Susie Gharib is a graduate of the University of Strathclyde with aPh.D. on the work of D.H. Lawrence. Her poetry and fiction have appeared in multiple venues including Adelaide Literary Magazine, TheCurlew, The Ink Pantry, A New Ulster, Down in the Dirt, the PLJ, andMad Swirl.

Covers
In my bleakest hour, when I ponder over the status quo, and try to fathom what led to this vacuum, my eyes dissociate themselves from my thoughts and randomly roam in my one-existence-room. Vacant as my stare may be, it is gradually stimulated by the marine blue of my quilt cover whose nautical elements have become monuments, the compass pointing north to where I should be living, the lighthouse no longer beckoning to ships, and a lateen sail patiently waiting to be wind-driven.
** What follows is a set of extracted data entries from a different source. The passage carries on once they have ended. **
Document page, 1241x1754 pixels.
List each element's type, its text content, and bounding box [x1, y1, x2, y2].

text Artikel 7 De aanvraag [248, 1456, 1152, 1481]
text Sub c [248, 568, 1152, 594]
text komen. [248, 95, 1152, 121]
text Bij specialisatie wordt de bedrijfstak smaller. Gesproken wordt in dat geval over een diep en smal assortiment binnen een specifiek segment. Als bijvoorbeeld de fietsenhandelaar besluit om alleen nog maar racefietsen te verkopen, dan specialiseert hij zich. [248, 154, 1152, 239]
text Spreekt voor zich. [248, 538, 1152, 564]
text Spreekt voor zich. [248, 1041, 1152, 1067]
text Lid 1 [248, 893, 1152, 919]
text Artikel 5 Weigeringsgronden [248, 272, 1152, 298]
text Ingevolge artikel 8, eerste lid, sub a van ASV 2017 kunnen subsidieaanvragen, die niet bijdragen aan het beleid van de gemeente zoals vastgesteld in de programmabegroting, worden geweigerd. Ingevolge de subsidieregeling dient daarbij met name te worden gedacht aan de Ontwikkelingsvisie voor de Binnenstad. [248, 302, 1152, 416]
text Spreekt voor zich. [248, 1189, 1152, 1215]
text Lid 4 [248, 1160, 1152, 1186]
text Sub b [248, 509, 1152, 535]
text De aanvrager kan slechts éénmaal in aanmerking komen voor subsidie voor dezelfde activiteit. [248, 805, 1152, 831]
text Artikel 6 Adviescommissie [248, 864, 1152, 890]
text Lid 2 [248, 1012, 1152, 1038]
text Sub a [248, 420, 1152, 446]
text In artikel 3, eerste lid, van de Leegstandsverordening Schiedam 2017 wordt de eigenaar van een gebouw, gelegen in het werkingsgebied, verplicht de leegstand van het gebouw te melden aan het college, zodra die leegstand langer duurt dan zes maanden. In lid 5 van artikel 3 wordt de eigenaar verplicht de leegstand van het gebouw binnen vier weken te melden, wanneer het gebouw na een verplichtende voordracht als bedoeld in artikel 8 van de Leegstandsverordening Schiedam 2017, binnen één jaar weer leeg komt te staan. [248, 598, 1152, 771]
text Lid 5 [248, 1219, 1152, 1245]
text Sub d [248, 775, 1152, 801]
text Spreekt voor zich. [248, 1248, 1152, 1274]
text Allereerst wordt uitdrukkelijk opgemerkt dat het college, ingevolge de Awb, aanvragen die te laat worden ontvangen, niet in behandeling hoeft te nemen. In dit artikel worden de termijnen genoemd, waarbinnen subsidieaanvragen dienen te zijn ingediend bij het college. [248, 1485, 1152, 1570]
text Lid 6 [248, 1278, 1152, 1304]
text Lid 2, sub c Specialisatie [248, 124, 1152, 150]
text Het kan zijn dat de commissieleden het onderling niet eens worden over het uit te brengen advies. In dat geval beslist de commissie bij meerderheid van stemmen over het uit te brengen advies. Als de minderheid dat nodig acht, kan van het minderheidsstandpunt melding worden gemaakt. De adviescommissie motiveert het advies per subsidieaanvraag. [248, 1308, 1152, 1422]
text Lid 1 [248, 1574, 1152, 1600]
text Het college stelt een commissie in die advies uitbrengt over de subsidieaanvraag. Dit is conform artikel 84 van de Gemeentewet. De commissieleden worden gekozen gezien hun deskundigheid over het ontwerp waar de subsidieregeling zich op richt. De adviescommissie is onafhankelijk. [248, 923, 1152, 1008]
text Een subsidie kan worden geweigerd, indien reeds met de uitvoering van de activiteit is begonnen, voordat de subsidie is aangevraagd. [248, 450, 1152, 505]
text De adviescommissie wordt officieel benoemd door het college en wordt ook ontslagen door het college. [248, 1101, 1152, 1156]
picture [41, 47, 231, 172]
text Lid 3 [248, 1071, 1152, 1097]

My desk cover has a tartan design. I always meant to check whose clan it was but I never found the time. When I was a child, I had a tartan skirt, a replica of a kilt, with a beautiful silver pin attached to it. I wish my mother had kept my clothes for my grown-up years. They would have animated my adulthood. That Galloway green skirt has clung to my memory for over fifty years.
I drape my TV screen with an exotic piece of cotton cloth, on which colorful representations of elephants, trees, and other creatures are sewn. In the middle stands a king ceremoniously below an arch. The scene instantly transports me to a happy jungle, a very primitive scene, ritualistic but with no apparent cult, like a child’s world. My eyes veer next to my left where sits a small table cover fringed with three five-petalled flowers. I always end up buying things with floral prints, towels, bed sheets, pillow covers, and trousers. I must have a forest in my brain with every type of wild flower.
After this survey of aesthetic covers, my eyes blink because of the weight of events. The war has liquidated my humble savings. Retirement is impending with a frugal pension on which to subsist. I have to sell our apartment and with my modest share purchase a less spacious dwelling, in a less privileged street. I try to visualize my future life and my loneliness, but the flowers in my brain ripple with a breeze of optimism. There must be some beautiful flowers to view even in old age.
An Early Snowdrop
At twenty-eight, I had neither the look nor the grace of an ossified Lecturer in English. My hair was neither grey at the temples nor curled as a judge’s wig, my eyes, spared a pharaoh’s look. I wore no suit or owlish specs, looked neither donnish nor trendy. With no high heels to raise my stature and an absolute absence of hauteur, I walked into the auditorium, an early snowdrop, stood on the platform to face bewildered eyes, some cries of astonishment as I held a bar of chalk, too young to face eight hundred eyes.
It took me a while to weed out the belief that only older men could spread learning; however many male students more or less my age remained inclined to disparage the lips that were articulate without lipstick. I conceived tenderness for those wild flowers, for thorns and hawthorn, for ivy and briar. I began to water regardless of pricks, cultivated a soil that teemed with bricks and with a sledgehammer noiselessly began to smash the wall that stood between me and my buds. I tore at the veil that shrouded a text, solved the puzzle of a writer’s chest, unburdened each student of that which vexed and changed the culture of a labyrinthine test.
I soon became more popular than a footballer. Photographs and autographs are frequent demands. My name resonates in street cafes as I pass by the gentlemen of the age. The friction between teacher and student that Pink Floyd preponderantly exposed changed into an equilibrium of love and respect. Each year I enlighten my students with streams of thoughts, with a passion that makes them crave for more.